Sipirok, Gerakan masyarakat Sipirok melawan penjajahan PT. Toba Pulp Lestari (TPL) menjarah sumber daya alam dan lahan pertanian penduduk, semakin galak dan menajam. Razia yang dilakukan masyarakat pada Hari Minggu tgl. 2 September 2012 berhasil memperoleh temuan bukti kasus manipulasi penebangan kayu baru yang diangkut pakai dokumen lama.

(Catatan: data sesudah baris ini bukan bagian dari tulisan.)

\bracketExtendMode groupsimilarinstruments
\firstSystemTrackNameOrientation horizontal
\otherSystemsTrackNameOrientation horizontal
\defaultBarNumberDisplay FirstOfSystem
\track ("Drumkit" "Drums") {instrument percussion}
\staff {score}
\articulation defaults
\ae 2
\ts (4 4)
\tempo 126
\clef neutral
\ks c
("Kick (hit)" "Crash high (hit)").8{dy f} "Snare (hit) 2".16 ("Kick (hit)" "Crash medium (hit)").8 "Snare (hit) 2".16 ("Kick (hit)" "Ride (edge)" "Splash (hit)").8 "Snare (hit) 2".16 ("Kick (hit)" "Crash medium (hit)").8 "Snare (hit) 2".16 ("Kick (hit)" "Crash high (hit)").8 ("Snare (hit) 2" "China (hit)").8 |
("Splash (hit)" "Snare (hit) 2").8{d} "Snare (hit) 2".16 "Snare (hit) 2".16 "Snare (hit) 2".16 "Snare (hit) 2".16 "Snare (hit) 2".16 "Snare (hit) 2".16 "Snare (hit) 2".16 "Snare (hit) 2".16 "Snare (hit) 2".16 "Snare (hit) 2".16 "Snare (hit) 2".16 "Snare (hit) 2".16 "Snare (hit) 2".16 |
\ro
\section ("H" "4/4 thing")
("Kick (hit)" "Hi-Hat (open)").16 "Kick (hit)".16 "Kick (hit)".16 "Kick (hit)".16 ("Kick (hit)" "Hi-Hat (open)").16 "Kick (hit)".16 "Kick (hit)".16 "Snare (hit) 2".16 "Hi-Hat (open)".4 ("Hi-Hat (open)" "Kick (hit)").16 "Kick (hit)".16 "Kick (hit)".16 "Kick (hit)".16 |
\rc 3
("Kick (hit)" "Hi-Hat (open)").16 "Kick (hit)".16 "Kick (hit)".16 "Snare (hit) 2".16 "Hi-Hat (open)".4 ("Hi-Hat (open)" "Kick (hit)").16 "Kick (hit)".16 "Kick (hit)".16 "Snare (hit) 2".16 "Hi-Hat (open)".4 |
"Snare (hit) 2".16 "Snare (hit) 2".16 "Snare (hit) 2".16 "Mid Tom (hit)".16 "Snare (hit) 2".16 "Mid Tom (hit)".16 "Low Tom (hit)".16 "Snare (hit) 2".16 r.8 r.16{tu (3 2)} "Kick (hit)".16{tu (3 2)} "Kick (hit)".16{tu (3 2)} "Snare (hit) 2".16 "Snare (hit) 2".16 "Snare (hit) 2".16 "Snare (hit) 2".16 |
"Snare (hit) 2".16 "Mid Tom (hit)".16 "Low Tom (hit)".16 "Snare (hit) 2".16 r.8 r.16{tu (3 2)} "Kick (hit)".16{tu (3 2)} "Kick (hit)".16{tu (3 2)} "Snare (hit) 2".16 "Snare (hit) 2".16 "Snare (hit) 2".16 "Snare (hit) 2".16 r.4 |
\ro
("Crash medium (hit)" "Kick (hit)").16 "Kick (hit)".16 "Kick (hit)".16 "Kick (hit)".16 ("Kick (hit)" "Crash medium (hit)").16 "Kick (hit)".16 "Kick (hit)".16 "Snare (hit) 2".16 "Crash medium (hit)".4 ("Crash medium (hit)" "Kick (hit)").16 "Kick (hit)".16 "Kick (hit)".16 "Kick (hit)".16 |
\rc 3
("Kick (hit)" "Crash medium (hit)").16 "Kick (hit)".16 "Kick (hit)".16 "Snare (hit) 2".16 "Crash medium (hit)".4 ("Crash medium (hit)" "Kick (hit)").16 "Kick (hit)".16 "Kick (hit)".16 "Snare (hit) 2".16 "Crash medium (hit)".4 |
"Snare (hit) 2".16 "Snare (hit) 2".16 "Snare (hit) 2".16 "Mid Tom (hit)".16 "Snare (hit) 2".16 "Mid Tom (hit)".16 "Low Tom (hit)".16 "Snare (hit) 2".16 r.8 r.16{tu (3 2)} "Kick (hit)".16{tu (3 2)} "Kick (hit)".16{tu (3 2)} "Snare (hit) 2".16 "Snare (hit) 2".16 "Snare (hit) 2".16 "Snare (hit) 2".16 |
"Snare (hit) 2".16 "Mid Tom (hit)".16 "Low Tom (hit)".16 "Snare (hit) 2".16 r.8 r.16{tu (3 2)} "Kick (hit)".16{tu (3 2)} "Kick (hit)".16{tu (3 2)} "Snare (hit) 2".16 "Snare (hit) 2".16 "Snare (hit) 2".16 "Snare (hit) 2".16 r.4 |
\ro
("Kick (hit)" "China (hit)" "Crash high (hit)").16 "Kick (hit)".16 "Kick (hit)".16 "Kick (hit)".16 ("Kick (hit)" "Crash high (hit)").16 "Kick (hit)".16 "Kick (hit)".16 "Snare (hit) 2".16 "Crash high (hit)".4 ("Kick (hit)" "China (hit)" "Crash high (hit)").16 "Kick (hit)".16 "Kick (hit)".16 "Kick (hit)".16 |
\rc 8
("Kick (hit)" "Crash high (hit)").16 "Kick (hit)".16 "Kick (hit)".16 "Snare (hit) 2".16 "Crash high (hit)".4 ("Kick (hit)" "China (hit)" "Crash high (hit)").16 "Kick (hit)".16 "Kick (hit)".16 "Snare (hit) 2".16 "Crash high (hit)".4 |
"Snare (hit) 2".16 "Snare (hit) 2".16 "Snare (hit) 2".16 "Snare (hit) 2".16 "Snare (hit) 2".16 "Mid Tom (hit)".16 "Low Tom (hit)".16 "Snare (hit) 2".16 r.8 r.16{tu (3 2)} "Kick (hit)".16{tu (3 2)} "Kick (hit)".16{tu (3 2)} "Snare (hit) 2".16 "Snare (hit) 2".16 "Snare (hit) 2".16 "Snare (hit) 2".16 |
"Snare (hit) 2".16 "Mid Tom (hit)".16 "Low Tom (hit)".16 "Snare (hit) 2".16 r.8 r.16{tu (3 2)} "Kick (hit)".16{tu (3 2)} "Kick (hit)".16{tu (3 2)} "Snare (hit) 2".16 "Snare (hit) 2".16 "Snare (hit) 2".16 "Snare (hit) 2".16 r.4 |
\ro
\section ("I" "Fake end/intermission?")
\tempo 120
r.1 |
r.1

Pada sa`at razia di tengah jalan raya Pasar Sipirok yang dipimpin para tokoh pemuda seperti Faisal Reza Pardede, Bobby Iskandar Siregar, Zulpan Hutasuhut dan kawan-kawan, 1 unit tronton No. Pol. BM-8962-AB disupiri Ramli Pandapotan mengangkut 78 batang KB (kayu bulat) diameter di atas 30 cm bercampur 41 batang KBK (kayu bulat kecil). Dengan memakai dokumen angkut FAKB (faktur angkutan kayu bulat) yang diterbitkan karyawan TPL, Ramson Sinaga.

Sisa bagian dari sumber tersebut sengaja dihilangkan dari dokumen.